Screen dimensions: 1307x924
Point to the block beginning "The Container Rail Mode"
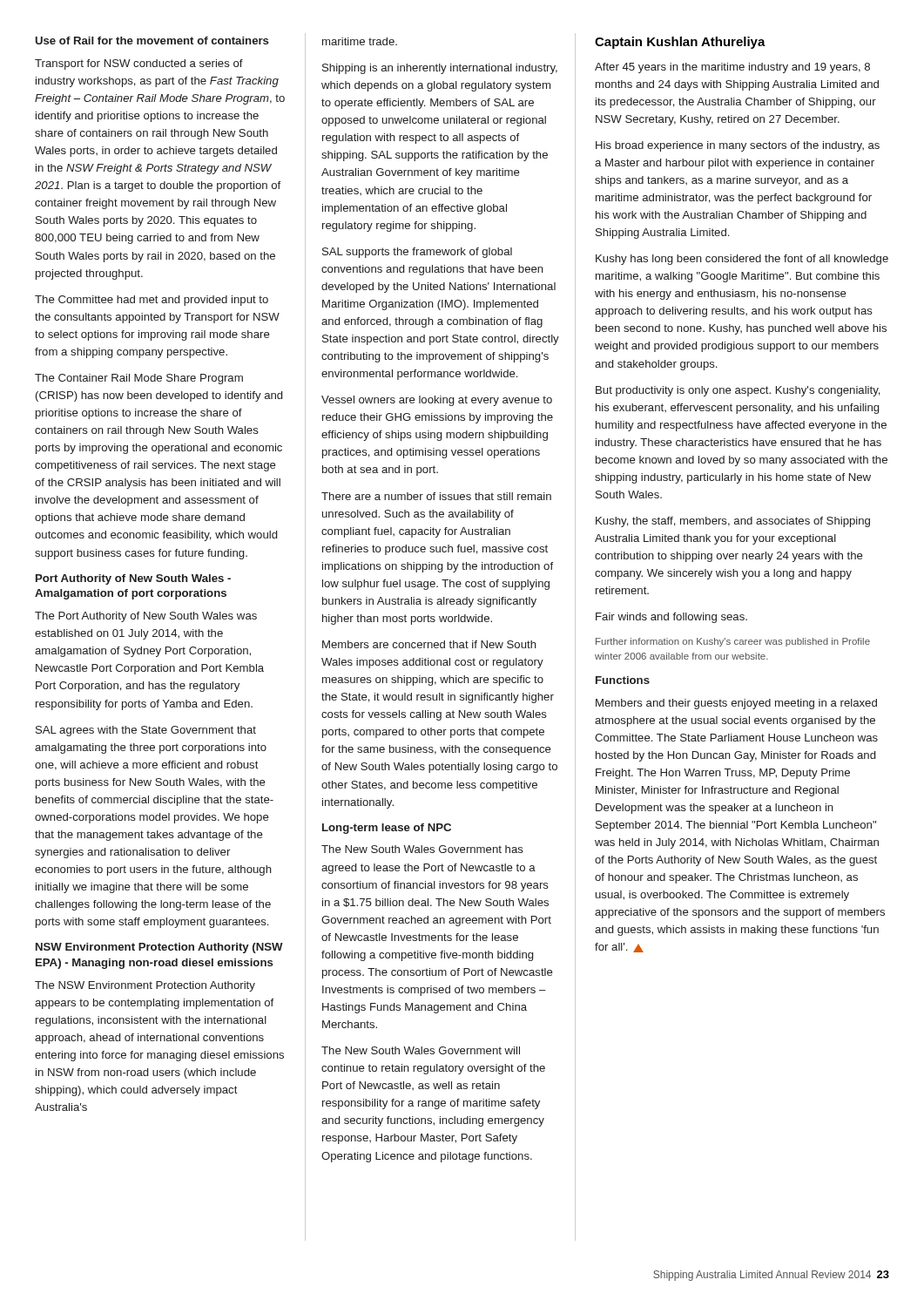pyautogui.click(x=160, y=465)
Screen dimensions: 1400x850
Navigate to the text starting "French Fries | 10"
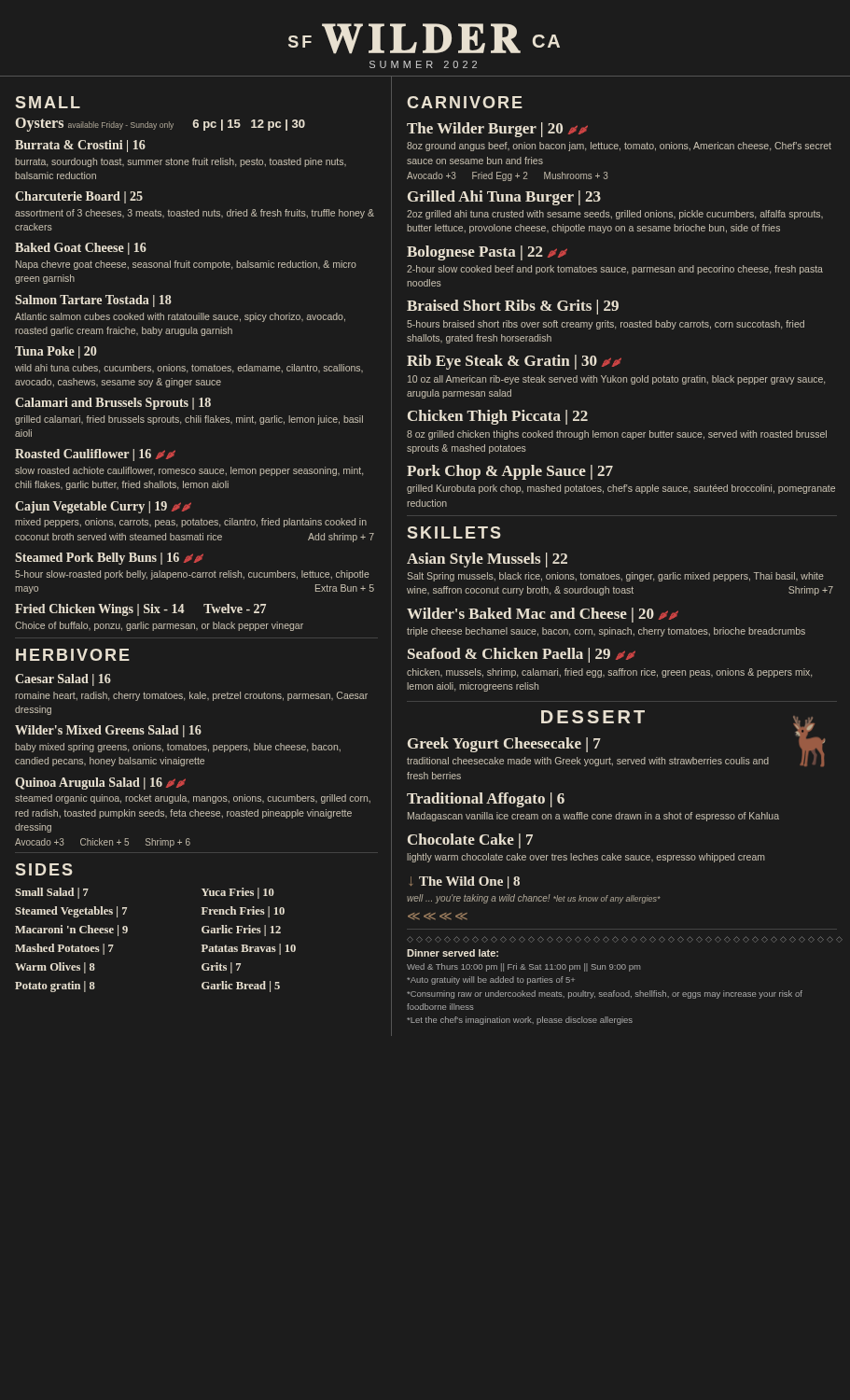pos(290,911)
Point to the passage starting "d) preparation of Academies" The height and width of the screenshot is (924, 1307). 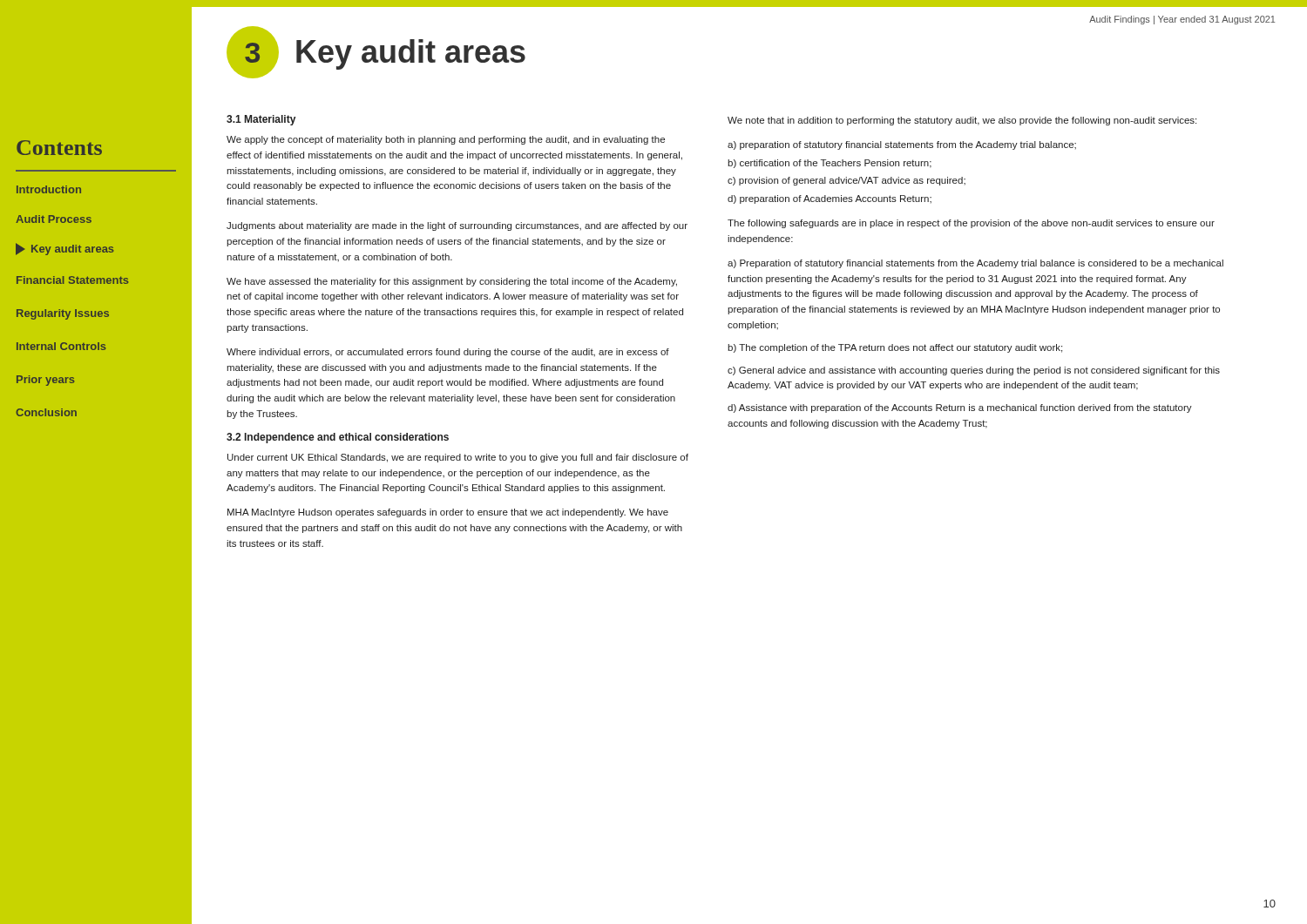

> [WHAT IS EXPECTED]: After locating the line with "Screen dimensions: 1400x850", transcribe it and the rest of the data above exactly as written, without any picture.

> [RESPONSE BOX]:
Screen dimensions: 1400x850
Navigate to the text starting "French Fries | 10"
pos(290,911)
Point to the passage starting "d) preparation of Academies" The height and width of the screenshot is (924, 1307). 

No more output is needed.